Search code examples
c++c++17c++20range-v3c++23

How does ranges::any_view work and how is it behaving in conjunction to cache1 in these cases?


tl;dr

It's not clear to me how ranges::any_view<T, C> works, especially in relation to what T is, i.e. a &, a const&, a value type, or what else.¹

Research

There isn't really much about it here, yet, nor I have found much around, beside this very useful explanation of why ranges::begin can't be called on const ranges::any_view.

A tricky (?) case

Here's one such example which puzzles me a lot, and below are the relavants bit of it. I think that thoroughly understanding why the examples linked below work (or don't) the way they do, should help me understand what any_view actually is.

This function accepts any range of std::strings and prints each of them (the filter(always(true)) is letting everything pass):

void test(any_view<std::string> parts) {
    for_each(parts | filter(always(true)), print);
};

Now, if I pass an lvalue of type any_view<std::string const&>

any_view<std::string const&> view{foos};

into it,

test(view);

all is fine, but if I first pipe that into cache1²,

test(view | cache1);

then the all the std::strings result empty.

By trial and error I realized that changing

test(any_view<std::string> parts) {

to

test(any_view<std::string const&> parts) {

solves the problem, but I don't really understand why.

But if I then was to also change

any_view<std::string const&> view{foos};

to

any_view<std::string> view{foos};

then I'd get a SIGSEGV.

Furthermore, manually inlining the body of test at the call site, also seems to solve the issue.
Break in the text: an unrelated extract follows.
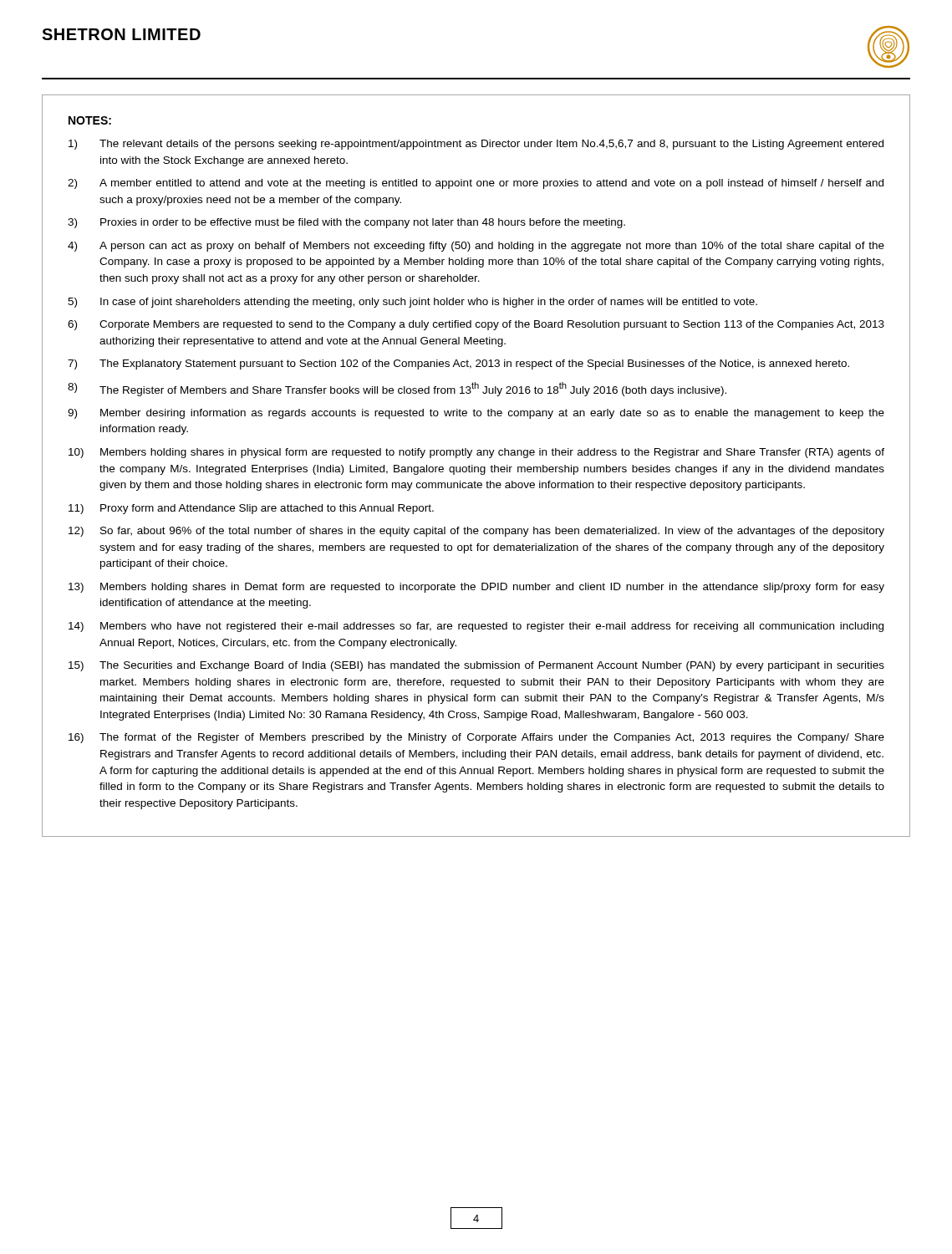Point to the element starting "4) A person"
The height and width of the screenshot is (1254, 952).
476,262
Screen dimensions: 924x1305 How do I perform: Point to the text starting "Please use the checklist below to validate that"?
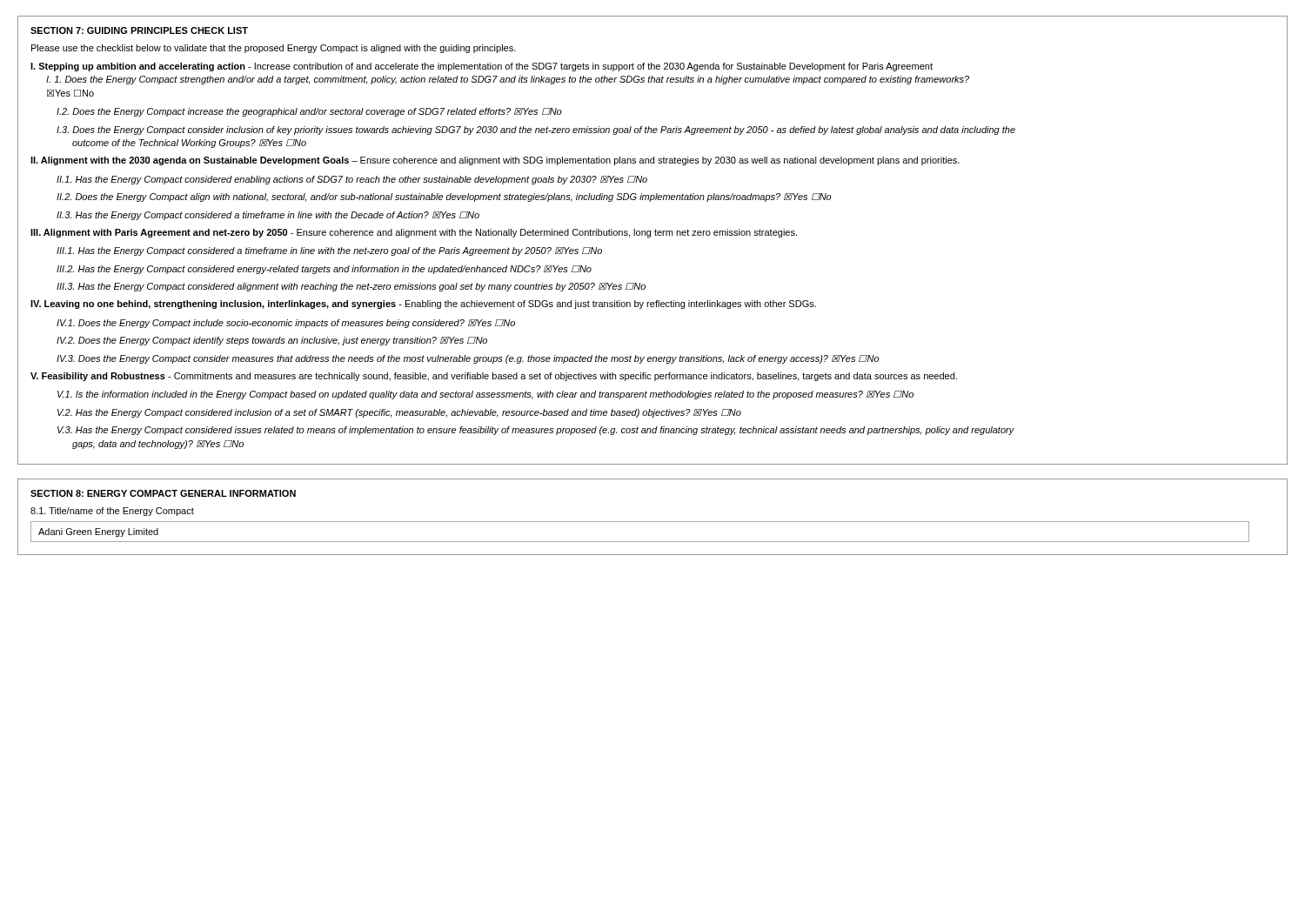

And to make the thing trickier, when I try to change std::string for a Foo that holds a std::string (and sets it to "" in the destructor, to hopefully make possible UB a bit more "observable"), the issue seems to go away.

Side question

I know there's no any_view in , and I guess there won't be one in either, but is there a reason (beside performance) why it's not been included yet or won't be included in the foreseeable future? I mean, to me it looks like it does serve a ligitimate purpose, so what else in the standard library is or will fill that hole?


(¹) It's a bit clearer what the role of C is, especially because I had an experience of downgrading an any_view<SomeType, sized> to any_view<SomeType, forward> for the purpose of allowing storing a filter_view, which is not sized, into it.

(²) Yes, the cache1 is useless here, but in my real usecase I had view | transform(f) | filter(g), so I inserted cache1 in between to prevent f from being called twice for each entry x in view which passes the test g(f(x)).


Solution

  • This is a combination of a few things:

    1. For any_view<T>, the reference type of the range is T. any_view<string> is a range of prvalue string, while any_view<string const&> is a range of lvalues of string const.
    2. any_view<T> accepts any range who reference is convertible to T, not same as T. So you can construct an any_view<string> from a range whose reference type isn't just string or even char const* but also, relevantly here, string&&.
    3. The way cache1 is implemented in range-v3 is probably not the best way to do this, and looks like:
      range_value_t<Rng>&& read() const {
          if (parent_->dirty_) { /* update cache */ }
          return std::move(*parent_->cache_);
      }
      
    4. filter requires dereferencing iterators more than once (once to see if it passes the filter, and then the second time for when you actually use the value).

    So when you do this:

    vector<string> foos = {...};
    any_view<string> parts = foos | cache1;
    

    foos | cache1 is a range of string&& (which is an xvalue into cache1's internal cache, foos is unaffected - it could've been const too). We're converting that to any_view<string>, which is now a range of string, which means that somewhere in all these types we have an iterator whose operator*() returns a string from the result of dereferencing (foos | cache1)'s iterator. That will move from cache1's cache. So if you dereference twice, you will end up with an empty cache.

    Then when you do parts | views::filter(pred), because you dereference every iterator twice (once to check if it satisfies the predicate, the second to print it), you will end up moving from the cached string right before you print it, so you only get empty strings.


    The problem here is probably that cache1 is a range of range_value_t<V>&&, which can lend itself to this double-dereference issue. If it were a range of range_value_t<V>& instead, then this would just work (at the cost of every dereference of your any_view<string> leading to a string copy). On the other hand, if you won't dereference the iterator more than once, you do want to just move, since if you were doing something like:

    some | pipeline | cache1 | to<std::vector>();
    

    You don't want to have to remember to write:

    some | pipeline | cache1 | as_rvalue | to<std::vector>();
    

    Note that a similar problem exists for views::concat(r1, r2) if r1 is a range of string and r2 is a range of string&&, you will end up with a range whose reference type is string, such that dereferencing that iterator will end up moving from the elements of r2. Which is what you want to happen if you're doing views::concat(r1, r2) | to<vector>(), but is definitely want you don't want to happen if you're doing views::concat(r1, r2) | filter(p) | ...

    It's hard to know what the right answer is.